PROBLEM DETAILS -
Each line below from the one containing "text Ook voor" through the one containing "text 2500 EK DEN HAAG [248, 924, 1163, 946]" should be output exactly as it stands, and no other line should appear.

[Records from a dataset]
__________

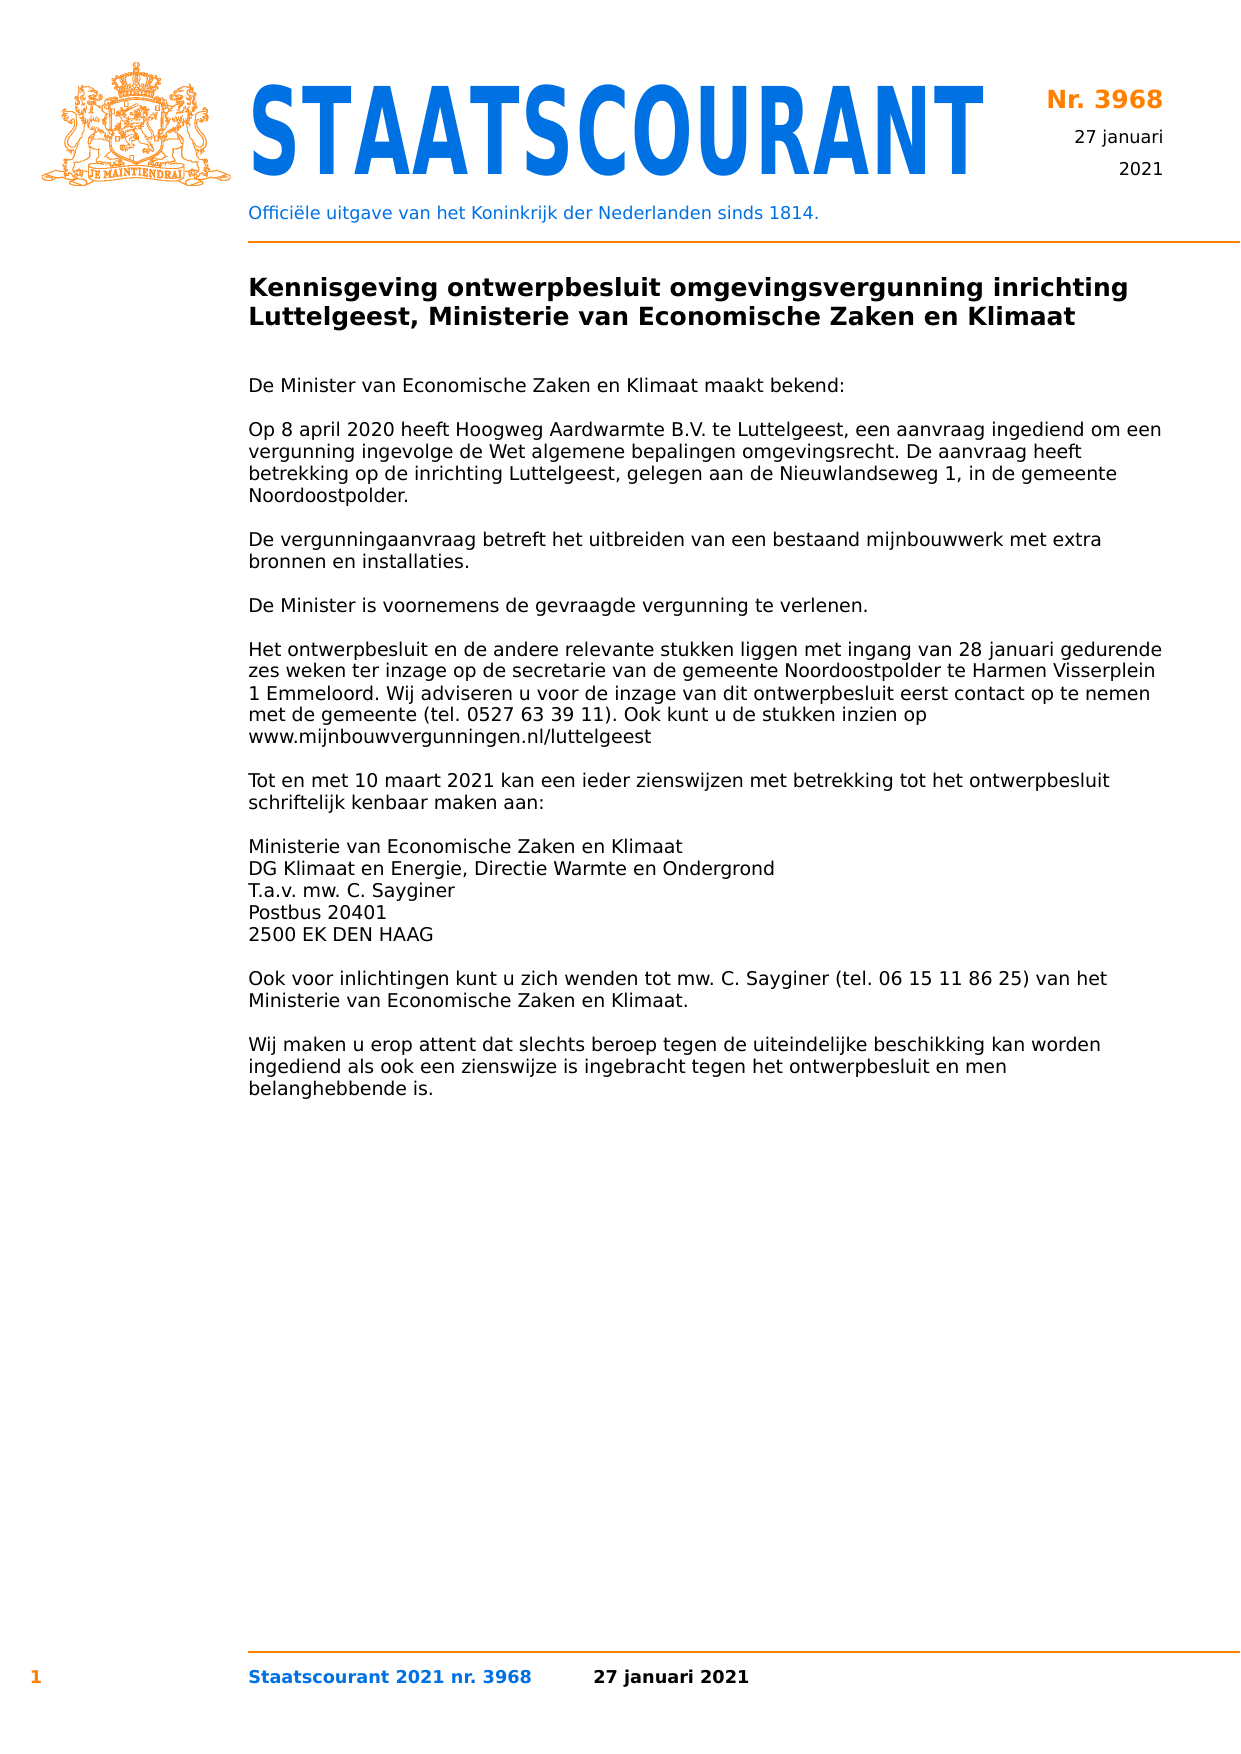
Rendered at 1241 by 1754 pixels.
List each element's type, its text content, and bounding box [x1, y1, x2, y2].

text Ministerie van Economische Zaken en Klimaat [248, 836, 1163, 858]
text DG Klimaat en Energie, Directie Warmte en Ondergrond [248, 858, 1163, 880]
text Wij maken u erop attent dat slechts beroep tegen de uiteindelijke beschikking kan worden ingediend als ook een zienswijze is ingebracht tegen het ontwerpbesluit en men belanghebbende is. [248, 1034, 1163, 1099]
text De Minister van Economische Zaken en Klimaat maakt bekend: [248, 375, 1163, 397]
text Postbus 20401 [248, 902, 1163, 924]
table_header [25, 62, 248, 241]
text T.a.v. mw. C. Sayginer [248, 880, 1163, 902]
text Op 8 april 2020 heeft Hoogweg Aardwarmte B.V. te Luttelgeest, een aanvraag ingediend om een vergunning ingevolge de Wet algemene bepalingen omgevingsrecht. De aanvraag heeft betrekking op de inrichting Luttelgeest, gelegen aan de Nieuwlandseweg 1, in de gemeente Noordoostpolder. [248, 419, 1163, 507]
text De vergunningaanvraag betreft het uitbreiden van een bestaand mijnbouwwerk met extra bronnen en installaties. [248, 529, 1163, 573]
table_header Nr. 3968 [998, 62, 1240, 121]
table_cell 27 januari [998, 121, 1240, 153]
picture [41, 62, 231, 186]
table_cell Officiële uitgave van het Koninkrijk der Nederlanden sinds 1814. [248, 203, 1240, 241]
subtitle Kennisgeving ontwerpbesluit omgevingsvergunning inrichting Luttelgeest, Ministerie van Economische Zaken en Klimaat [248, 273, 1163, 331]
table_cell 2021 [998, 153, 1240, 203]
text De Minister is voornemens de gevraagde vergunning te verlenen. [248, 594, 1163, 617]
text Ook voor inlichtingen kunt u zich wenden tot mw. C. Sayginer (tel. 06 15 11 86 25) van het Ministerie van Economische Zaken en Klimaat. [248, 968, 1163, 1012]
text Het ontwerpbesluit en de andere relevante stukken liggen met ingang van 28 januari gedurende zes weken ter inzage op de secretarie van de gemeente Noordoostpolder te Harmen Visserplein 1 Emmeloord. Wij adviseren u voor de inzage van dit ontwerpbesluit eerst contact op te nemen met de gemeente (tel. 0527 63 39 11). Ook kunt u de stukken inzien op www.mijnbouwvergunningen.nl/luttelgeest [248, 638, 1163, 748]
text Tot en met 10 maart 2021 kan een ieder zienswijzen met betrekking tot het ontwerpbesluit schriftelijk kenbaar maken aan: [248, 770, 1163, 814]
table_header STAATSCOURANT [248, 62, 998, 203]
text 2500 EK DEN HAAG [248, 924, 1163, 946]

__________

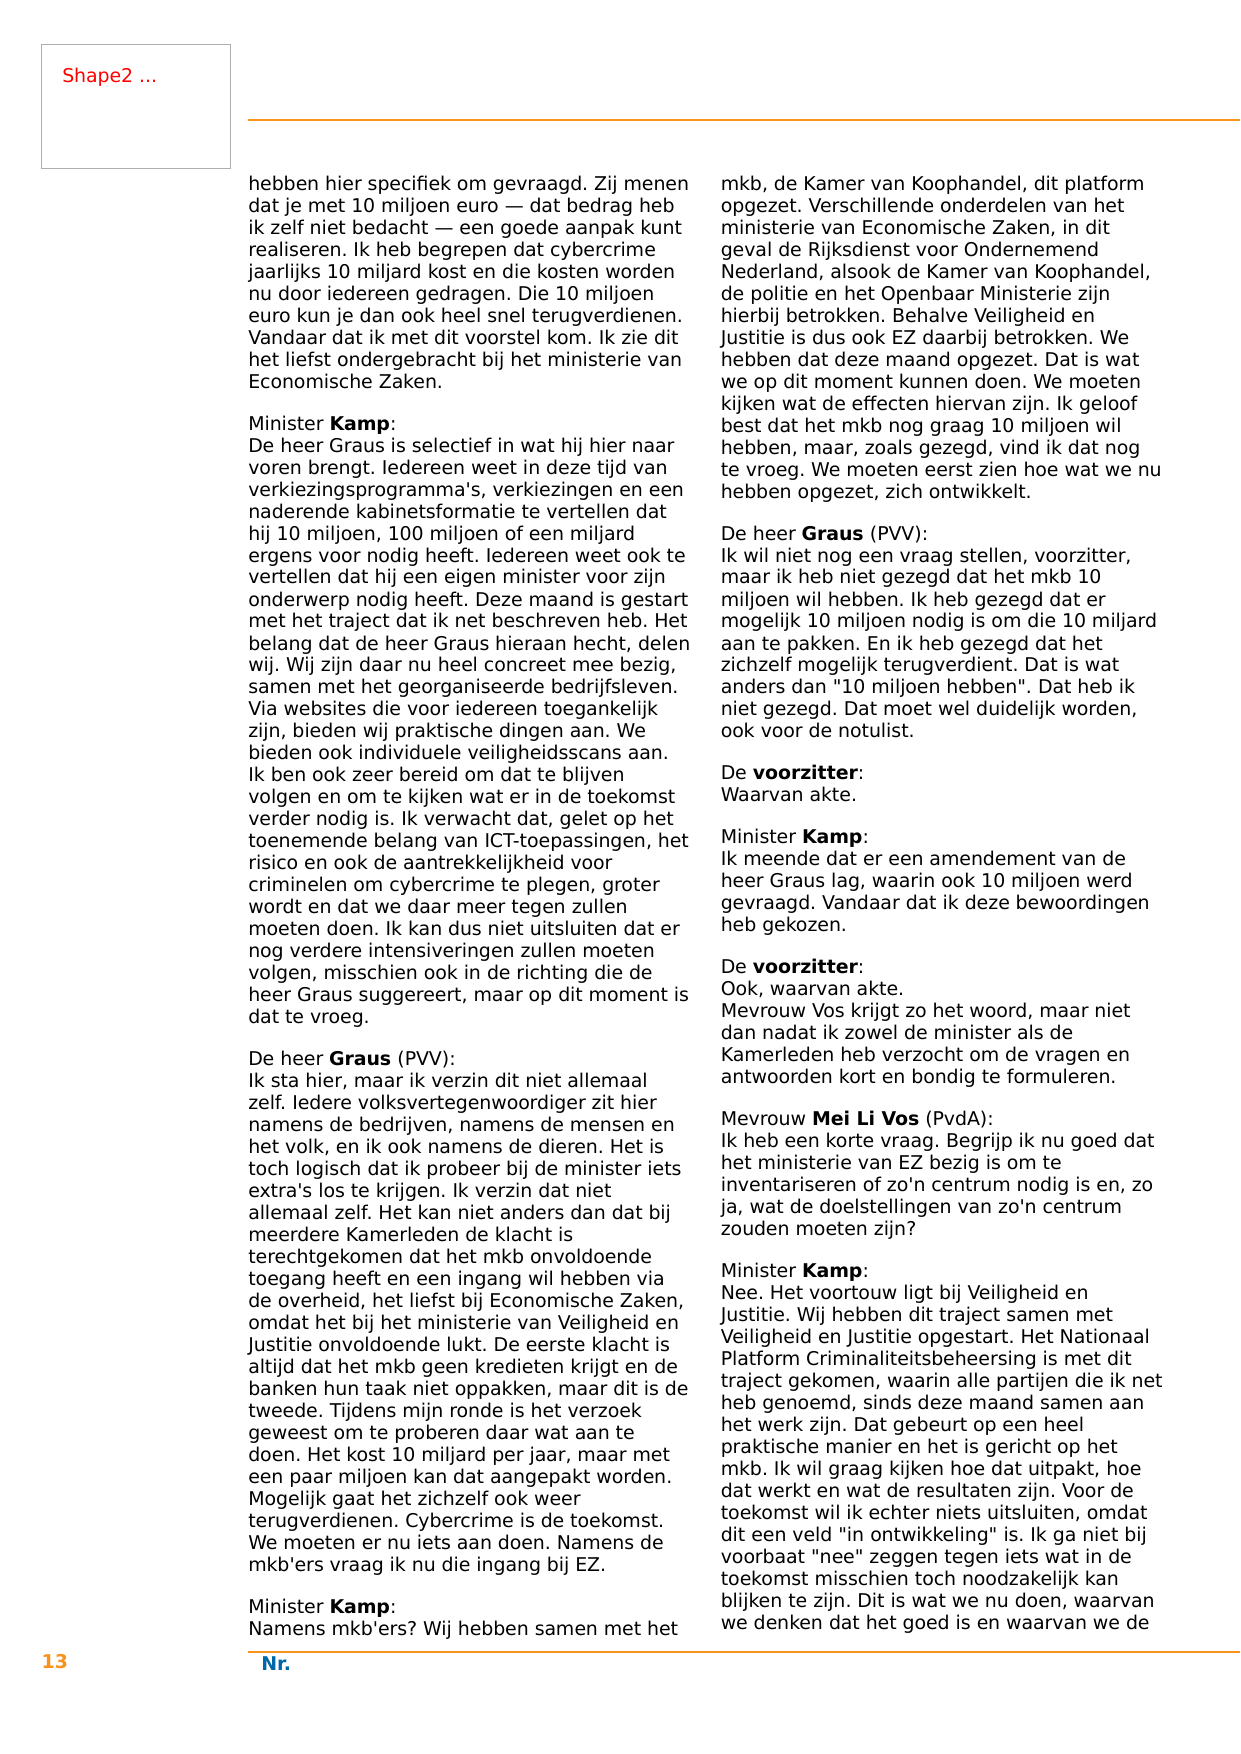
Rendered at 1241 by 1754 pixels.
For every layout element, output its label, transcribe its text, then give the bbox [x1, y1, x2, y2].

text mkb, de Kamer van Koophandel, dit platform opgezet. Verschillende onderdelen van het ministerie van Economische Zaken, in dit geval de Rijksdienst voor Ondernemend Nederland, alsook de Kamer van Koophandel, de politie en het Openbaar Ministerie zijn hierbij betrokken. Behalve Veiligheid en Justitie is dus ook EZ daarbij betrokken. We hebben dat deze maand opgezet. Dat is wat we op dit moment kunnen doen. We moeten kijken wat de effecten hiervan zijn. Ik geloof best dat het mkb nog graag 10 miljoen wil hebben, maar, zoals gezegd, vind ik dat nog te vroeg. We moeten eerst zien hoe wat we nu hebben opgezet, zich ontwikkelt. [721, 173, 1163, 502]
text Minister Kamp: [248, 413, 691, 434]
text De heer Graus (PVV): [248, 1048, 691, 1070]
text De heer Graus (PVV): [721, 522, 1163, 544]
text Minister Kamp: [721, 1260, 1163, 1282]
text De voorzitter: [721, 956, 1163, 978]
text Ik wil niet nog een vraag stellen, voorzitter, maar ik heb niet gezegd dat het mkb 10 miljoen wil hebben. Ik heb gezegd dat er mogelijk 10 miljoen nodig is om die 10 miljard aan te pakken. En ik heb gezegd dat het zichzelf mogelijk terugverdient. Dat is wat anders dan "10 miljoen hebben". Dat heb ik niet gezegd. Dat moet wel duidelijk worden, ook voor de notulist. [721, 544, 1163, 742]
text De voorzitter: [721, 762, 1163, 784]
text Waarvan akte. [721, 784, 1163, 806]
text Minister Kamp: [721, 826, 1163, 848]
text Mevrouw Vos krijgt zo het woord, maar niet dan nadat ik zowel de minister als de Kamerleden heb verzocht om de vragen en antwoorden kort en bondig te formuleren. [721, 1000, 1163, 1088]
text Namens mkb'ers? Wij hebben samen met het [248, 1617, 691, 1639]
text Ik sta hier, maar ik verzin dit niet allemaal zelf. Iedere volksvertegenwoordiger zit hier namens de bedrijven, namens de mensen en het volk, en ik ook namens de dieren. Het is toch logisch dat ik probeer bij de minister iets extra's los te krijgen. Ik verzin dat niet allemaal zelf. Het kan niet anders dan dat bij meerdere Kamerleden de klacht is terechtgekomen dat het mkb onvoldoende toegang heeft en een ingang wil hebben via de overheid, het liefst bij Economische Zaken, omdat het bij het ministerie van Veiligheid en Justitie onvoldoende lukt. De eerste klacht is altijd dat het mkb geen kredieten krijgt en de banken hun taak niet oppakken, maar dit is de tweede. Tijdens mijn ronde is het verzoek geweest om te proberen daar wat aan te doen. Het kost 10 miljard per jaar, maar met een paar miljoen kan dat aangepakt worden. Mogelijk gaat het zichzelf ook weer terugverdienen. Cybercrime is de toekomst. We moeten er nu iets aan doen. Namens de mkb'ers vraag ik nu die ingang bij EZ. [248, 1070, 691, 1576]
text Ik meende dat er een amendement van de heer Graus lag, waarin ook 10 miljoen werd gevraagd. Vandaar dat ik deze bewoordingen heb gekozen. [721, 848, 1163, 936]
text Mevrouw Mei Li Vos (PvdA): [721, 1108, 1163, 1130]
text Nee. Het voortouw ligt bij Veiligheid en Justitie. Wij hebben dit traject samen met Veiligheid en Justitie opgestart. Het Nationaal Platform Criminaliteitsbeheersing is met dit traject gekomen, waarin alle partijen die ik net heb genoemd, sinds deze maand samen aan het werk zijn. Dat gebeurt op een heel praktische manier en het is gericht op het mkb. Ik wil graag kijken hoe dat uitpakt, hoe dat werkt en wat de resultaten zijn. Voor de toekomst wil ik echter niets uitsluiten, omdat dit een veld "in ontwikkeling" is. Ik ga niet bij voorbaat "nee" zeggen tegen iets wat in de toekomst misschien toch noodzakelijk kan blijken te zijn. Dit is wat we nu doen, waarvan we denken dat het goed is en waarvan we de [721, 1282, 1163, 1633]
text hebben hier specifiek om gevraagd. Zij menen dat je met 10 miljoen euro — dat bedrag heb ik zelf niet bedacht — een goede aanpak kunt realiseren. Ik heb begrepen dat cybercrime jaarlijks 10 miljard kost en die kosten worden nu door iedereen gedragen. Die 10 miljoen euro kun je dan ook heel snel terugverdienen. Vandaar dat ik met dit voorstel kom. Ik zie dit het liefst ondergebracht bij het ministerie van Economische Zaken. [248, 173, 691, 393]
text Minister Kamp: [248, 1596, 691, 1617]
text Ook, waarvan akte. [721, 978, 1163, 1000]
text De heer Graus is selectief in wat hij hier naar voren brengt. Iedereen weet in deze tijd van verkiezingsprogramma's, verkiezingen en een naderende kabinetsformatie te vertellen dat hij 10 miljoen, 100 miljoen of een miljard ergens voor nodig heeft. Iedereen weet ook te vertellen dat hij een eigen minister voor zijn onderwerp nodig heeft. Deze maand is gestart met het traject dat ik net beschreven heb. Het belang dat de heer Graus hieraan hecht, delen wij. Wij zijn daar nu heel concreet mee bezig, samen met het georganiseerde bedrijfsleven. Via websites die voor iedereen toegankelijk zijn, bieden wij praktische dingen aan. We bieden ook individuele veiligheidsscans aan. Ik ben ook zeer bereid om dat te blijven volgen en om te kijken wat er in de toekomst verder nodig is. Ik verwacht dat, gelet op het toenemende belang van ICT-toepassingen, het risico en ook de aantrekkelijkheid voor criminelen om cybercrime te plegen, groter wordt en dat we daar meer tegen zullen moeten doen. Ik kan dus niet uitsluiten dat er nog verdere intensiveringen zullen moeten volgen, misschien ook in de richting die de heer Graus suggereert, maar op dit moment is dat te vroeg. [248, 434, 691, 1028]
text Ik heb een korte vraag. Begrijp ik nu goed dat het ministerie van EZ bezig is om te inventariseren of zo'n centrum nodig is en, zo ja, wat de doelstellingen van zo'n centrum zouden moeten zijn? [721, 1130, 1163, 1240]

__________

TASK ANSWER -
text Ook voor inlichtingen kunt u zich wenden tot mw. C. Sayginer (tel. 06 15 11 86 25) van het Ministerie van Economische Zaken en Klimaat. [248, 968, 1163, 1012]
text Het ontwerpbesluit en de andere relevante stukken liggen met ingang van 28 januari gedurende zes weken ter inzage op de secretarie van de gemeente Noordoostpolder te Harmen Visserplein 1 Emmeloord. Wij adviseren u voor de inzage van dit ontwerpbesluit eerst contact op te nemen met de gemeente (tel. 0527 63 39 11). Ook kunt u de stukken inzien op www.mijnbouwvergunningen.nl/luttelgeest [248, 638, 1163, 748]
text Tot en met 10 maart 2021 kan een ieder zienswijzen met betrekking tot het ontwerpbesluit schriftelijk kenbaar maken aan: [248, 770, 1163, 814]
table_header STAATSCOURANT [248, 62, 998, 203]
text 2500 EK DEN HAAG [248, 924, 1163, 946]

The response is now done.